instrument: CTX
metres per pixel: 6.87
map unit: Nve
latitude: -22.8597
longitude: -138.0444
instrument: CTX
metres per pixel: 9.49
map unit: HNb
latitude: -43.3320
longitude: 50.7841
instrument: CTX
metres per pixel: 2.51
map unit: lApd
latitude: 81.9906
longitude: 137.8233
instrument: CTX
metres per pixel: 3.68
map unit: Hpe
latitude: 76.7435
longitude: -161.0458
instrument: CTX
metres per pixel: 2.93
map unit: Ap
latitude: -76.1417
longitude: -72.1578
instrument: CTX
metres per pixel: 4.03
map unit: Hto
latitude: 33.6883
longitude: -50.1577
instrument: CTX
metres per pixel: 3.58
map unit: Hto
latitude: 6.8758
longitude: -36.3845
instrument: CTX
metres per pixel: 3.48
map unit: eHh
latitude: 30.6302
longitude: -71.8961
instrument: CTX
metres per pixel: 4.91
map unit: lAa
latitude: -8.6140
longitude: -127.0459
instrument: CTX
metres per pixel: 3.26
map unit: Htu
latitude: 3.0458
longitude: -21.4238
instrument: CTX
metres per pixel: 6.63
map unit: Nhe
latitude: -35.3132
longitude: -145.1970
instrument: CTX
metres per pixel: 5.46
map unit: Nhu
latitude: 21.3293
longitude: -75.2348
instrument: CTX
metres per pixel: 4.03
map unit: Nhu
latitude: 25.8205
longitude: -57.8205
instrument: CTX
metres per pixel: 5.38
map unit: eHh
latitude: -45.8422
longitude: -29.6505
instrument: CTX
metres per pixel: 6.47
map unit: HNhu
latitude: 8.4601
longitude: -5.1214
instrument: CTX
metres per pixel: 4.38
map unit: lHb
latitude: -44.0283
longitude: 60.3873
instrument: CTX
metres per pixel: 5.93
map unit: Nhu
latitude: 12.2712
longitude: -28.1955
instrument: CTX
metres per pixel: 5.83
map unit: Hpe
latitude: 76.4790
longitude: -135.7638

--------

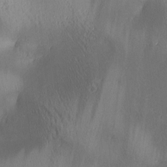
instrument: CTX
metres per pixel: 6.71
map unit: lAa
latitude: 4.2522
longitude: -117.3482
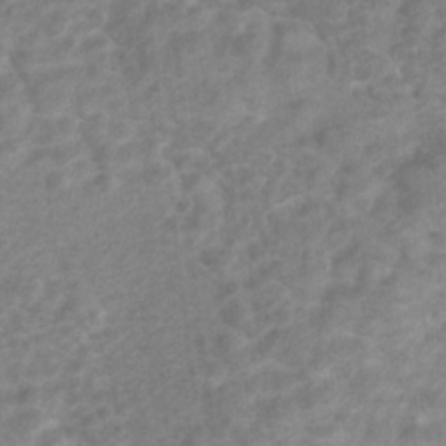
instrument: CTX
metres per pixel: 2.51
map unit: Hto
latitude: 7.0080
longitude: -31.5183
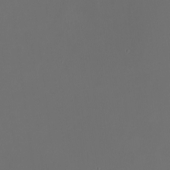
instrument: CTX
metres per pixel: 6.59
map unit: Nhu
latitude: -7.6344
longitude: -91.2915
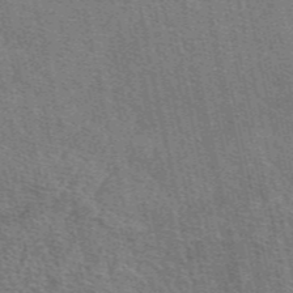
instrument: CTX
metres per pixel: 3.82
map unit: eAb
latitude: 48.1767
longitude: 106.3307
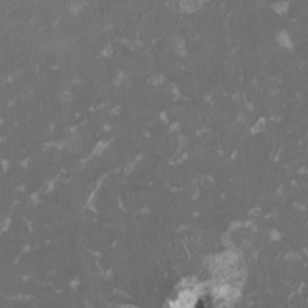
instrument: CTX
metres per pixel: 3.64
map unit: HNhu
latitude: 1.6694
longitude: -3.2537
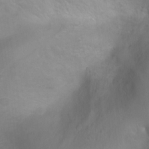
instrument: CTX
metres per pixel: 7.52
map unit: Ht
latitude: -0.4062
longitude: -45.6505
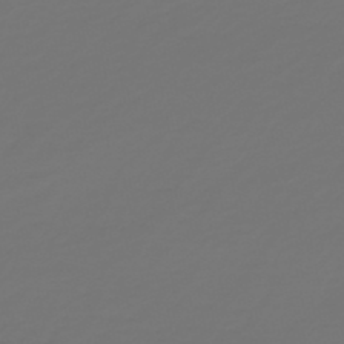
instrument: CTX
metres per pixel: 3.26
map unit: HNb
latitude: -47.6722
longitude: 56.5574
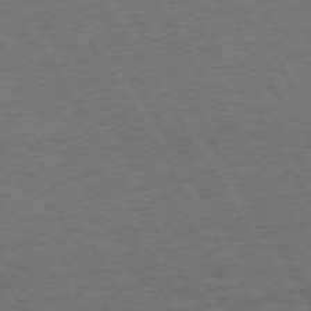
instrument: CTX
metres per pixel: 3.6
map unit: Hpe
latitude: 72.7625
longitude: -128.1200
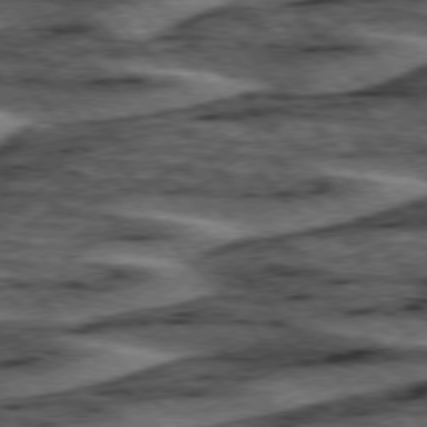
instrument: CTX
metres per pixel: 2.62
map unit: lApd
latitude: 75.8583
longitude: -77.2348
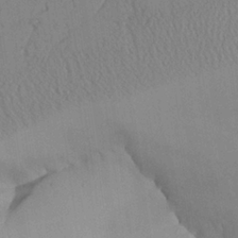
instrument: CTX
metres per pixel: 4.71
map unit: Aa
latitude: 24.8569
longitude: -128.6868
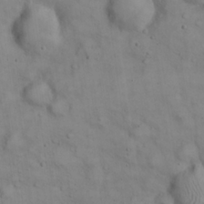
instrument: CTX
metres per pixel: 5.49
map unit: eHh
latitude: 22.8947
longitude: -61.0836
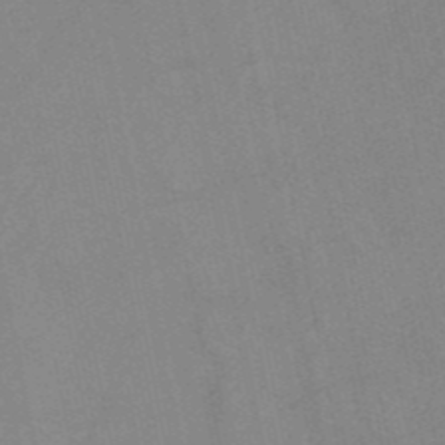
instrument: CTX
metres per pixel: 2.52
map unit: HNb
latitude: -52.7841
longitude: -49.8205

--------

> [WORK TO COMPLETE]:
Using only the entries above, output the line with "latitude: -76.1417", the line with "map unit: Htu", and all lines between them, exactly as they stand.

> [ANSWER FOR THIS EXERCISE]:
latitude: -76.1417
longitude: -72.1578
instrument: CTX
metres per pixel: 4.03
map unit: Hto
latitude: 33.6883
longitude: -50.1577
instrument: CTX
metres per pixel: 3.58
map unit: Hto
latitude: 6.8758
longitude: -36.3845
instrument: CTX
metres per pixel: 3.48
map unit: eHh
latitude: 30.6302
longitude: -71.8961
instrument: CTX
metres per pixel: 4.91
map unit: lAa
latitude: -8.6140
longitude: -127.0459
instrument: CTX
metres per pixel: 3.26
map unit: Htu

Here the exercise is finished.